Rezension zu Heilpädagogik als Kulturwissenschaft

VHN – Vierteljahresschrift für Heilpädagogik und ihre Nachbargebiete 1/2011

Rezension von Barbara Jeltsch-Schudel

Markus Dederich, Heinrich Greving, Christian Mürner, Peter Rödler (Hg.) (2009):

Heilpädagogik als Kulturwissenschaft Menschen zwischen Medizin und Ökonomie Giessen: Psychosozial Verlag. 282 S., € 29,90

Ausgehend davon, dass Medizin und Ökonomie von entscheidender Bedeutung seien für die kulturellen Wandlungsprozesse, die sich auf das Soziale (S. 7) und somit auch auf die Situation der Heilpädagogik auswirken, luden die vier Herausgeber elf Kollegen und zwei Kolleginnen zur Teilnahme an der Diskussion der These ein. Die Konzeptualisierung des Bandes ist nicht interdisziplinär angelegt; die Beiträge stammen von Autorinnen und Autoren, die im Sozialbereich tätig sind und zumeist auch über eine heil bzw. sozialpädagogische Ausbildung verfügen. Die Verschiedenheit der Beiträge zeigt auf, wie vielfältig das Aufgabenverständnis der Heilpädagogik sein kann (und soll): Im ersten Teil den Buches, überschrieben mit Ökonomisierung, werden neben mehr globalen und gesellschaftlichen Überlegungen direkte Bezüge zu den Auswirkungen auf die Heilpädagogik und die Pflege hergestellt. Der zweite Teil beschäftigt sich mit der Medizinisierung und im Besonderen mit der Verbesserung des Menschen, die ja mit verschiedenen Techniken bewerkstelligt werden kann, nicht nur mit genuin medizinischen, sondern auch mit pädagogischen. Der dritte Teil stellt die im Buchtitel genannte Beziehung her, eben Heilpädagogik als Kulturwissenschaft. Nach einem historischen Rückblick werden heilpädagogisch relevante Themen aufgegriffen und in einen kulturwissenschaftlichen Zusammenhang gestellt, so etwa das Spannungsfeld von Abhängigkeit und Differenz.
Im Rahmen einer solchen kurzen Rezension ist es nicht möglich, einzelne Beiträge angemessen zu würdigen.
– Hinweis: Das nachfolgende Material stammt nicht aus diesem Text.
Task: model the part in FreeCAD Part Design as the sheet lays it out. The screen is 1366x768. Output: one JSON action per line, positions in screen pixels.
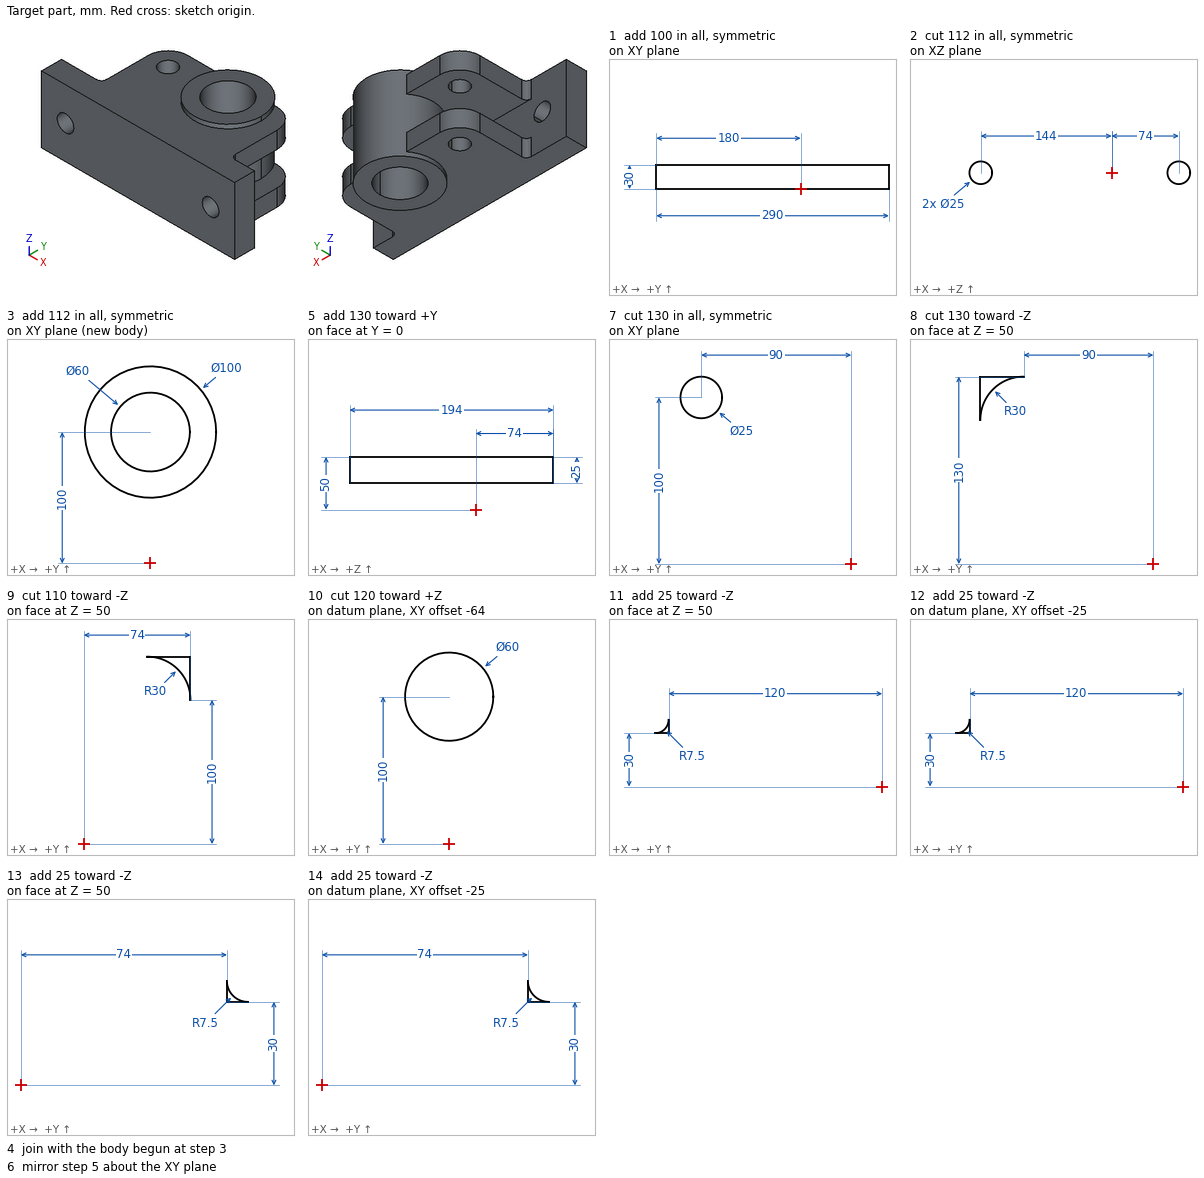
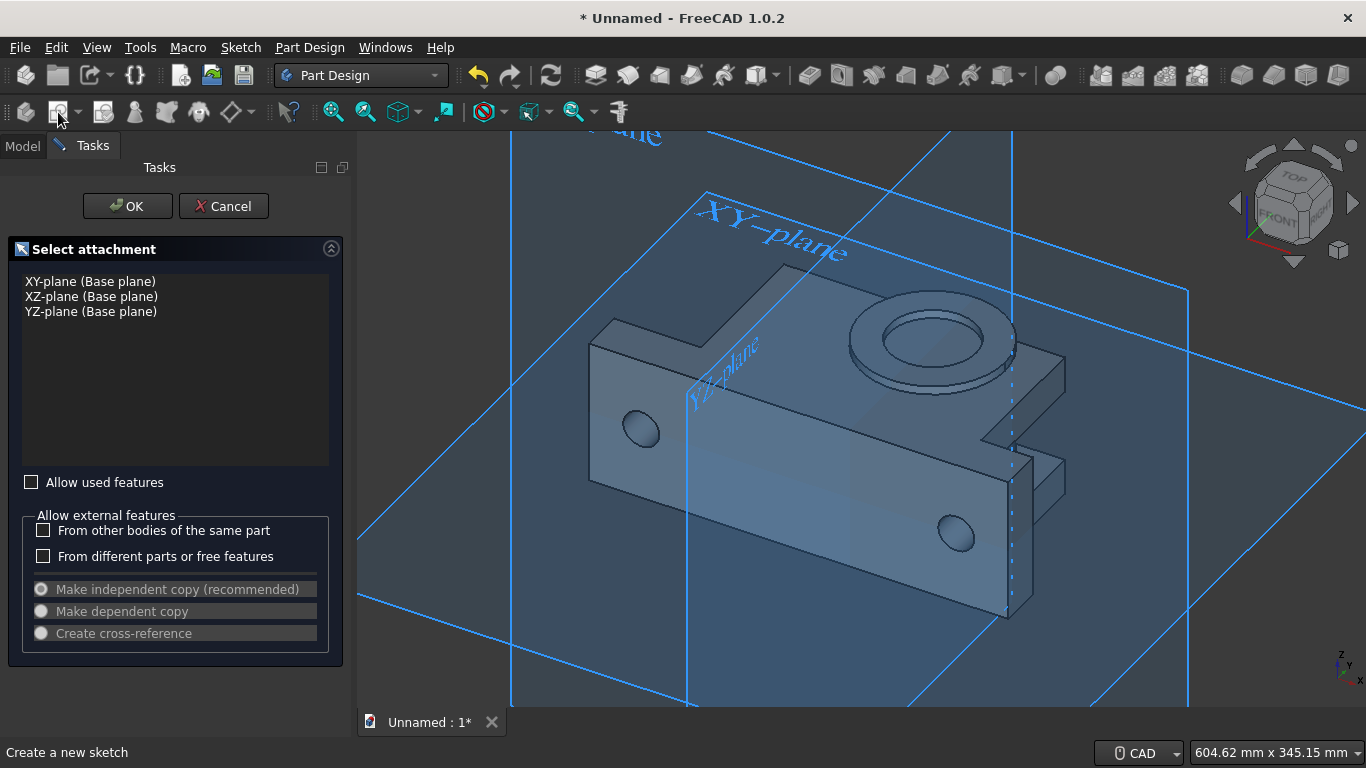
{"action": "left_click", "coordinate": [82, 282]}

Dennoch sei mir erlaubt, drei Artikel herauszuheben, die mich besonders angesprochen haben. Patrizia Tolle beschäftigt sich mit der Frage, ob die kommunikativen Bedürfnisse pflegebedürftiger Menschen berücksichtigt werden können, wenn sozioökonomische Verhältnisse bzw. Sparmassnahmen die Handlungsspielräume vorgeben. Denn es zeichnet sich ab, dass die Pflege ihrer sozialen Dimension beschnitten und auf ein körperbezogenes Konzept verengt wird. Dies, obschon in den Pflegewissenschaften eine Veränderung stattgefunden hat und Aspekte wie Selbstbestimmung miteinbezogen werden sollten. Der drohende Abbau kann nach Ansicht der Autorin nur verhindert werden, wenn sich die verschiedenen humanwissenschaftlichen Fachgebiete zusammentun und gemeinsam agieren.
In seinen Darlegungen zum Thema »Der Mensch als Projekt« geht Markus Dederich der Frage nach, welche Versuche zur Verbesserung des Menschen unternommen wurden und werden, gerade auch vor dem Hintergrund ethischer Überlegungen. Sein Fazit, was zu tun sei, mündet in Fragen persönlicher und gesellschaftlicher (und somit politischer) Art.
Hans Uwe Rösner will in seinem Beitrag anhand der Darstellung der moralischen Standpunkte verschiedener Philosophinnen und Philosophen überprüfen, »inwieweit sie sich als normative Grundlage einer kulturwissenschaftlich orientierten Heilpädagogik eignen« (S. 205), und zwar im Hinblick auf die beiden Begriffe Differenz und Abhängigkeit.
Insgesamt ist der Band sehr anregend und empfehlenswert!